In this paper, we propose a cost-efficient Parity Check Circuit (PCC) for delay fault prediction to mitigate the cost of in situ delay monitoring. PCC is able to monitor multiple paths simultaneously, which significantly reduces the number of sensors. The proposed sensor has been designed and verified in a 65nm technology. Our results indicate that using the proposed sensor for delay fault monitoring in a 32-bit MIPS can lead to a significant saving in area and power overheads, compared to the use of canary flip-flops [3] : by two-thirds and one-third, respectively. The rest of the paper is organized as follows. Section II describes related work. Section III outlines the design principles of the PCC. Verification results and a cost analysis are discussed in section IV. Finally conclusions are drawn in section V.
II. BACKGROUND AND PREVIOUS WORK

A. Latch Type Sensors
A number of latch-type delay fault monitoring sensors have been proposed in recent years, [8] , [9] . These replace the main FF with a latch, and therefore decrease the transition time from D to Q. The error signal is triggered by detecting transitions while the latch is enabled. However, replacing the FFs in a pipelined system may will cause further reliability issues as short paths may share the same end as PCPs. Two stages on both sides of a sensor will be connected to each other directly while the clock is at logic '1'. To compensate for this, buffers and clock duty cycle adjustment circuitry are generally implemented in the system where latch-type sensors are used [8] . This will increase the complexity of the system and means that latch-type sensors lose their advantage in terms of cost efficiency [9] . Delay fault recovery circuitry is also required when an actual error occurs.
B. Canary FF
Unlike latch-type sensors, the Canary flip-flop [3] is a flipflop-type delay fault prediction sensor that uses a double sampling technique. It predicts delay faults by detecting the consistency of the output signal from a PCP before the rising clock edge. Fig. 1 shows the architecture of the Canary FF. A Canary FF consists of a main flip-flop, a shadow flipflop, one delay element and a comparator. The detection window of the Canary is defined by the delay element. The shadow FF receives delayed data, which is the data from the detection window interval before the current time. When a transition approaches the rising clock edge, because of the PVTA variations, the shadow FF will miss the sample before the main FF detects it. The Error signal will then be triggered as there is an inconsistency between the samples from the main FF and the shadow FF. As Fig.1 shows, a group of error signals is collected by a multiple-input OR gate. The Errors signal is asserted when one of more Error signals are triggered from the group of PCPs that the Canary FFs are monitoring.
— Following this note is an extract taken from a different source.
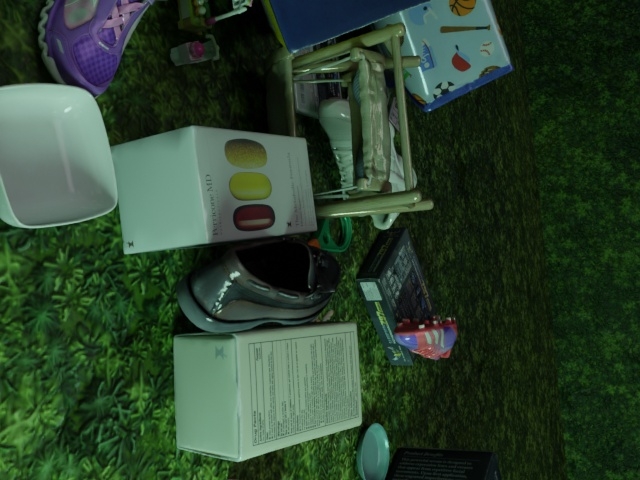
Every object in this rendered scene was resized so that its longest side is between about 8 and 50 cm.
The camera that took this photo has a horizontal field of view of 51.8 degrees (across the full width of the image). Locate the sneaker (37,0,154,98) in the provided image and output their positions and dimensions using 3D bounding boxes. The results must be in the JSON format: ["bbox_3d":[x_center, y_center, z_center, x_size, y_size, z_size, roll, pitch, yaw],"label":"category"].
[{"bbox_3d":[-0.234,-0.270,0.742,0.095,0.104,0.237,41,52,-51],"label":"sneaker"}]

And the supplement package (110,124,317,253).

Compared with delay fault detection sensors, Canary predicts a delay fault before an actual error occurs. Therefore, it does not require further circuitry to recover from a delay fault. However, implementing a shadow FF of the same size as the 978-1-4673-6853-7/17/$31.00 ©2017 IEEE main FF on every PCP will lead to a large area overhead. The area cost for delay fault monitoring in a system might therefore be prohibitive, as will be shown later.
III. DESIGN PRINCIPLES
This section outlines the operating principles of the proposed circuit. The main advantage over existing sensors is that the PCC can be used for multiple path delay fault prediction, hence it requires less area overhead. Furthermore, compared with latch-type sensors, implementing PCC will not influence the functionality of the original design, as it does not need to replace the FFs on the monitored paths nor add buffers to the short paths of the original design.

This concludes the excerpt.